(DATA FOR ANALYSIS)

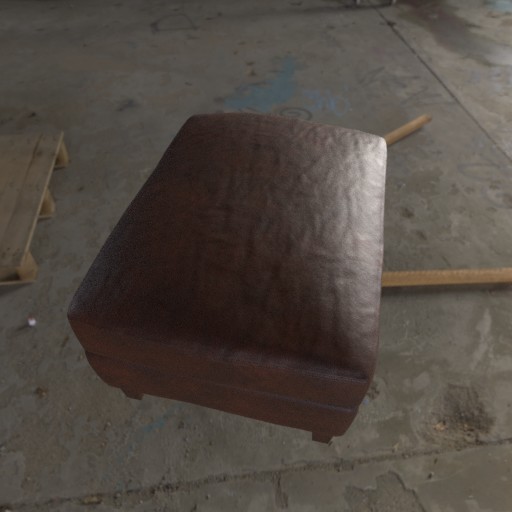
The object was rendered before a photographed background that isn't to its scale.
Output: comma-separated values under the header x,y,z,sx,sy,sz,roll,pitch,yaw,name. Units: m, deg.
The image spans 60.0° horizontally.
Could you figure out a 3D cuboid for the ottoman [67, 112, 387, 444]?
x,y,z,sx,sy,sz,roll,pitch,yaw,name
0.000,0.000,1.271,0.659,0.527,0.887,9,48,9,ottoman
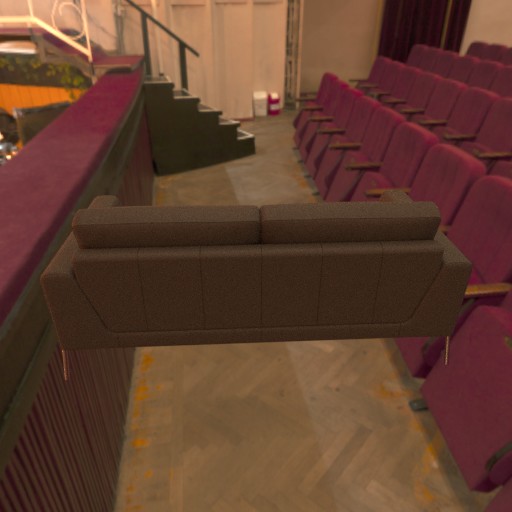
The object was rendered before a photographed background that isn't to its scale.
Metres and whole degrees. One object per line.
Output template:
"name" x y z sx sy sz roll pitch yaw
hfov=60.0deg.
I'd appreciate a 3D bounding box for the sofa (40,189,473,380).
"sofa" 0.000 0.000 2.513 2.017 0.875 0.953 -2 30 -3

(End DATA FOR ANALYSIS)

__WHAT THE TASK REQUIRES__: Copy the data word for word. Pictures do not go in the copy.

__ANSWER TO THE EXERCISE__:
The object was rendered before a photographed background that isn't to its scale.
Output: comma-separated values under the header x,y,z,sx,sy,sz,roll,pitch,yaw,name. Units: m, deg.
The image spans 60.0° horizontally.
Could you figure out a 3D cuboid for the ottoman [67, 112, 387, 444]?
x,y,z,sx,sy,sz,roll,pitch,yaw,name
0.000,0.000,1.271,0.659,0.527,0.887,9,48,9,ottoman
The object was rendered before a photographed background that isn't to its scale.
Metres and whole degrees. One object per line.
Output template:
"name" x y z sx sy sz roll pitch yaw
hfov=60.0deg.
I'd appreciate a 3D bounding box for the sofa (40,189,473,380).
"sofa" 0.000 0.000 2.513 2.017 0.875 0.953 -2 30 -3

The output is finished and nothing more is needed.